● **Task brief**
Word for word, retype the lines from the one containing "subtitle Objeto blob [148, 664, 1093, 692]" to the one containing "list Transformación de" below, keeping both end lines and dropping the pictures.

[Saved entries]
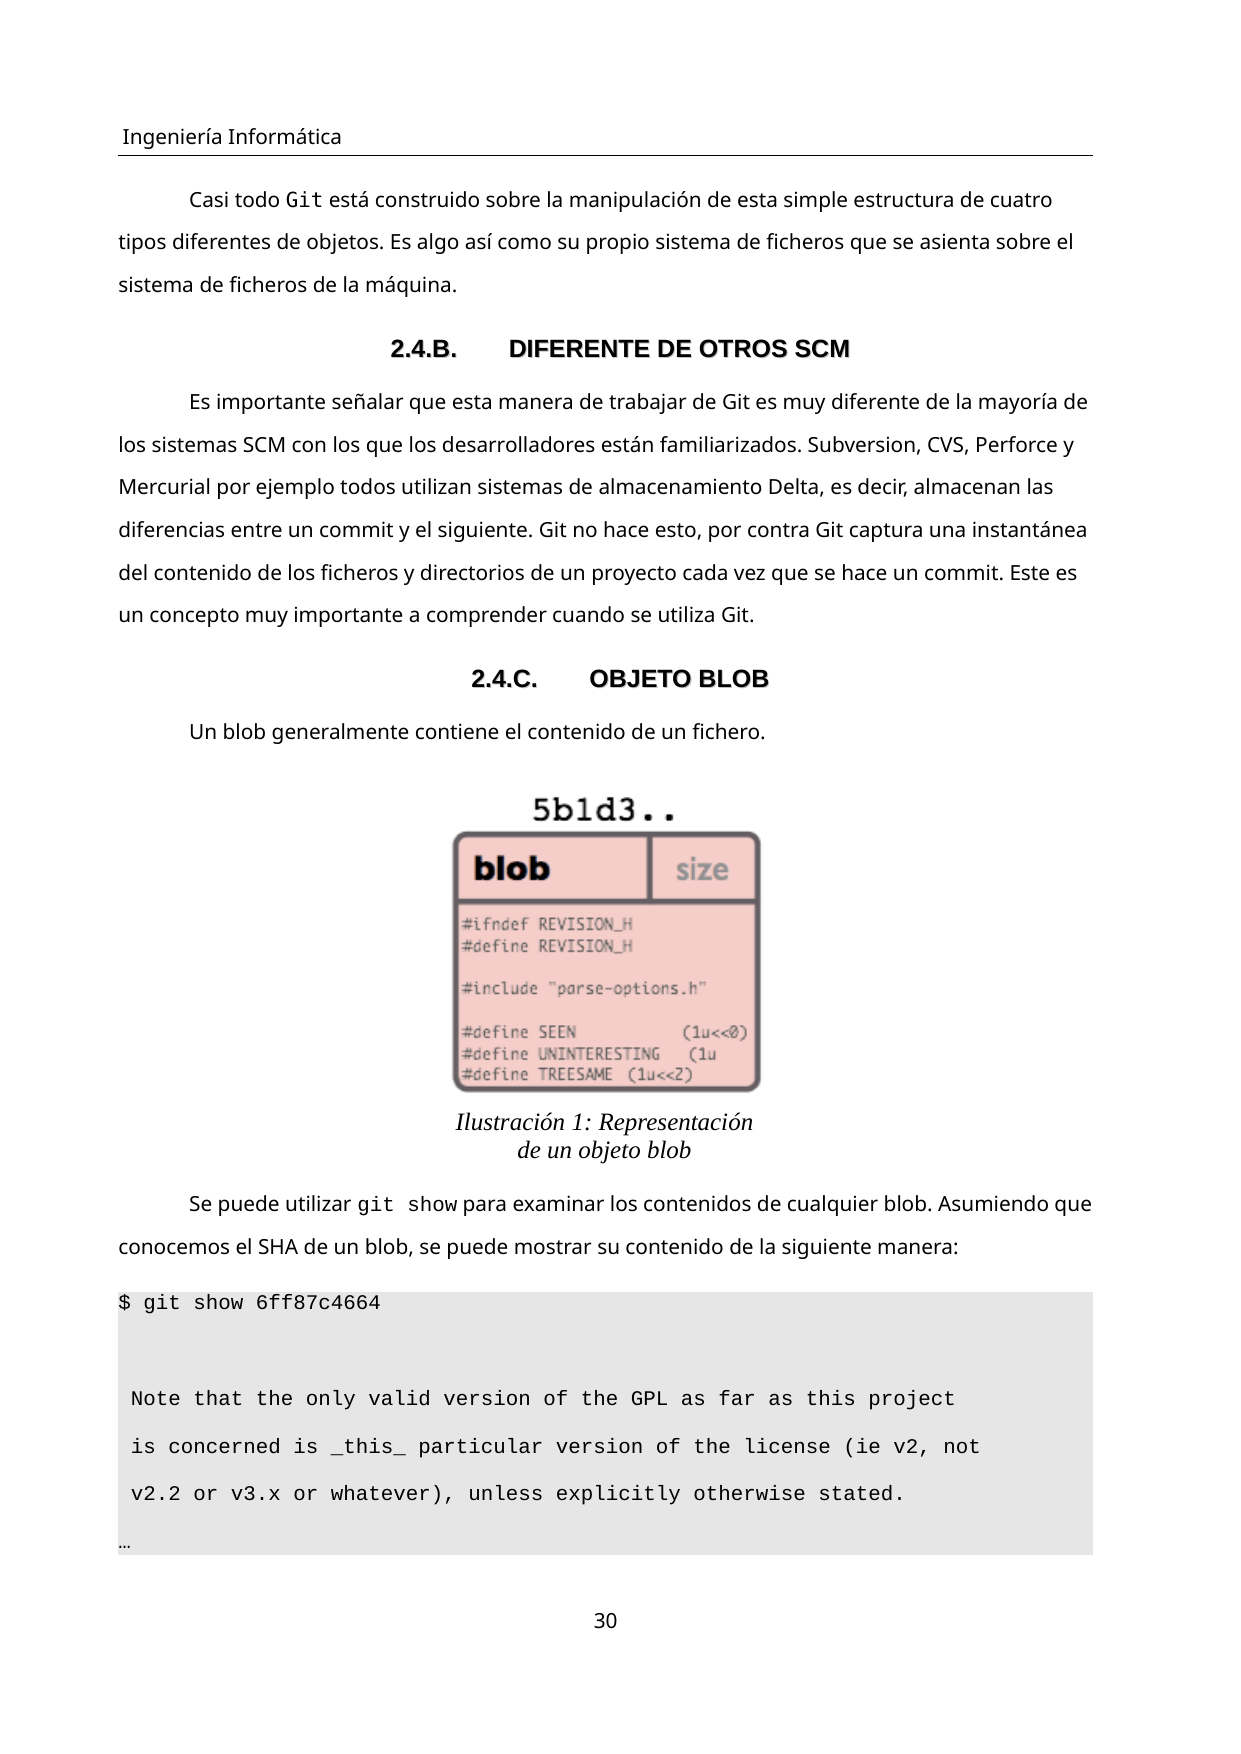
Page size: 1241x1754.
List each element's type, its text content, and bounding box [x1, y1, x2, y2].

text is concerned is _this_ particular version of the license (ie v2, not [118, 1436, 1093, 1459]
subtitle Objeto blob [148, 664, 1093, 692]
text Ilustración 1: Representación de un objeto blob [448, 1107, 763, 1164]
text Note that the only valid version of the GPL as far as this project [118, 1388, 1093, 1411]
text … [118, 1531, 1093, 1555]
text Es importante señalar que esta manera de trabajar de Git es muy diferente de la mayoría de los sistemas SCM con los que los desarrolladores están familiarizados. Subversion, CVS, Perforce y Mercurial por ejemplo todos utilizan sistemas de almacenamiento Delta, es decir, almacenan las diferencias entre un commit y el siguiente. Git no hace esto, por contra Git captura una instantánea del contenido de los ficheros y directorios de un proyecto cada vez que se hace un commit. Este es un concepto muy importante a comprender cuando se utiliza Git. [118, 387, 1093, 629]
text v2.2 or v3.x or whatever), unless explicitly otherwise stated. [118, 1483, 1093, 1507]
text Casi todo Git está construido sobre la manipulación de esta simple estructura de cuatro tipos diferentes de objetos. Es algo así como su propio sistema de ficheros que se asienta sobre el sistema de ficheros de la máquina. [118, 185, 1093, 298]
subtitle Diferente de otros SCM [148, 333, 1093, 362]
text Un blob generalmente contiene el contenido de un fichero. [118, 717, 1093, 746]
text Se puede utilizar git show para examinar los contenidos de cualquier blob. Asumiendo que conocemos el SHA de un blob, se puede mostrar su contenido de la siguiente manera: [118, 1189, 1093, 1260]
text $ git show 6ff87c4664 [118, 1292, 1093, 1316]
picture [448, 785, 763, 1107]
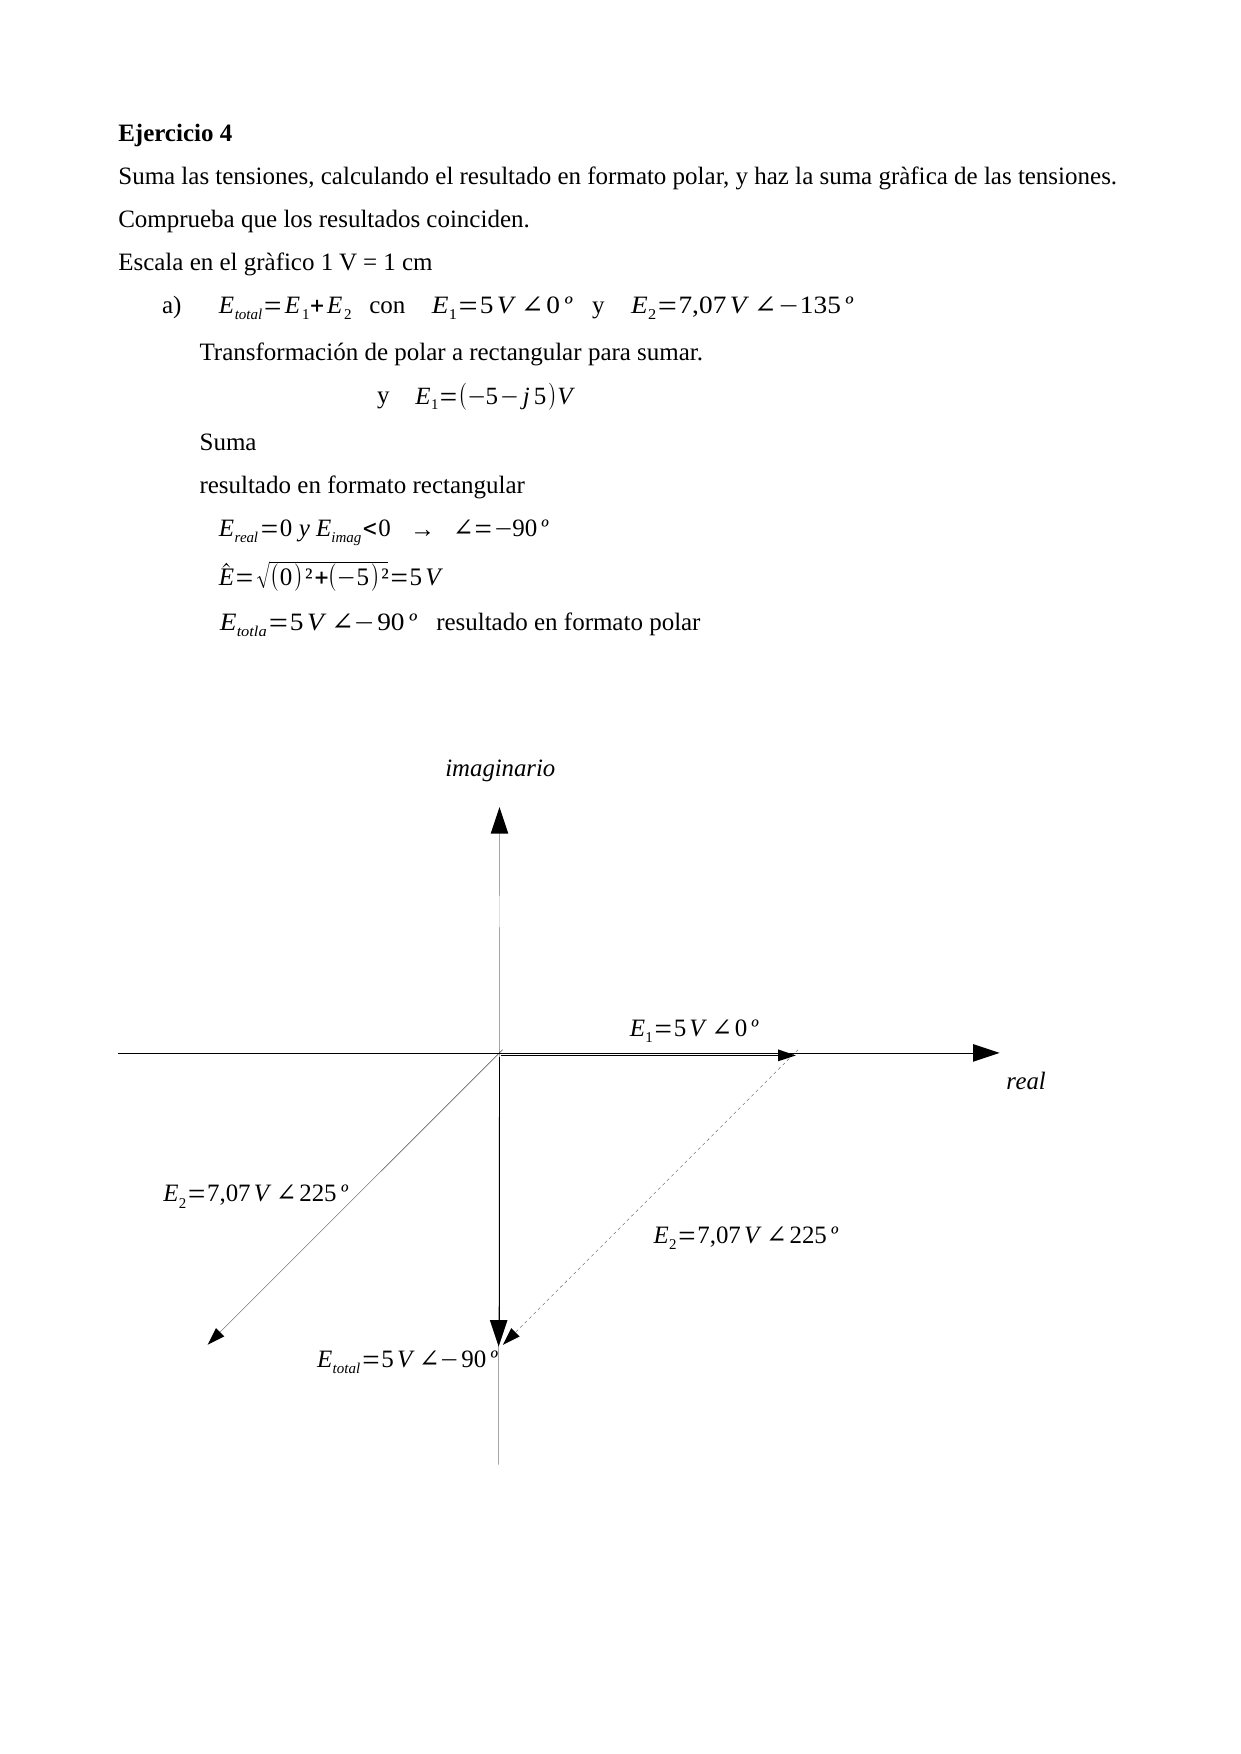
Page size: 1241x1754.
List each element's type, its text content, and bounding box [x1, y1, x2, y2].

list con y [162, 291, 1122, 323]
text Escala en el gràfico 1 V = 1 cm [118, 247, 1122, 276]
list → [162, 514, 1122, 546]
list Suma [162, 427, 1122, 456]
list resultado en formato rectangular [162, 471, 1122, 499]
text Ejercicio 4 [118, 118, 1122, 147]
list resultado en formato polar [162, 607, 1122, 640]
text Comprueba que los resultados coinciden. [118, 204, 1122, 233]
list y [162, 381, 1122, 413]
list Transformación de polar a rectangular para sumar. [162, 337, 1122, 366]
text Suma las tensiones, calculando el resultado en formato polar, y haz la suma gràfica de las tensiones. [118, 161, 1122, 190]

● **Result for this exercise**
subtitle Objeto blob [148, 664, 1093, 692]
text Ilustración 1: Representación de un objeto blob [448, 1107, 763, 1164]
text Note that the only valid version of the GPL as far as this project [118, 1388, 1093, 1411]
text … [118, 1531, 1093, 1555]
text Es importante señalar que esta manera de trabajar de Git es muy diferente de la mayoría de los sistemas SCM con los que los desarrolladores están familiarizados. Subversion, CVS, Perforce y Mercurial por ejemplo todos utilizan sistemas de almacenamiento Delta, es decir, almacenan las diferencias entre un commit y el siguiente. Git no hace esto, por contra Git captura una instantánea del contenido de los ficheros y directorios de un proyecto cada vez que se hace un commit. Este es un concepto muy importante a comprender cuando se utiliza Git. [118, 387, 1093, 629]
text v2.2 or v3.x or whatever), unless explicitly otherwise stated. [118, 1483, 1093, 1507]
text Casi todo Git está construido sobre la manipulación de esta simple estructura de cuatro tipos diferentes de objetos. Es algo así como su propio sistema de ficheros que se asienta sobre el sistema de ficheros de la máquina. [118, 185, 1093, 298]
subtitle Diferente de otros SCM [148, 333, 1093, 362]
text Un blob generalmente contiene el contenido de un fichero. [118, 717, 1093, 746]
text Se puede utilizar git show para examinar los contenidos de cualquier blob. Asumiendo que conocemos el SHA de un blob, se puede mostrar su contenido de la siguiente manera: [118, 1189, 1093, 1260]
text $ git show 6ff87c4664 [118, 1292, 1093, 1316]
picture [448, 785, 763, 1107]
Page size: 1241x1754.
List each element's type, its text content, and bounding box [x1, y1, x2, y2].

list con y [162, 291, 1122, 323]
text Escala en el gràfico 1 V = 1 cm [118, 247, 1122, 276]
list → [162, 514, 1122, 546]
list Suma [162, 427, 1122, 456]
list resultado en formato rectangular [162, 471, 1122, 499]
text Ejercicio 4 [118, 118, 1122, 147]
list resultado en formato polar [162, 607, 1122, 640]
text Comprueba que los resultados coinciden. [118, 204, 1122, 233]
list y [162, 381, 1122, 413]
list Transformación de polar a rectangular para sumar. [162, 337, 1122, 366]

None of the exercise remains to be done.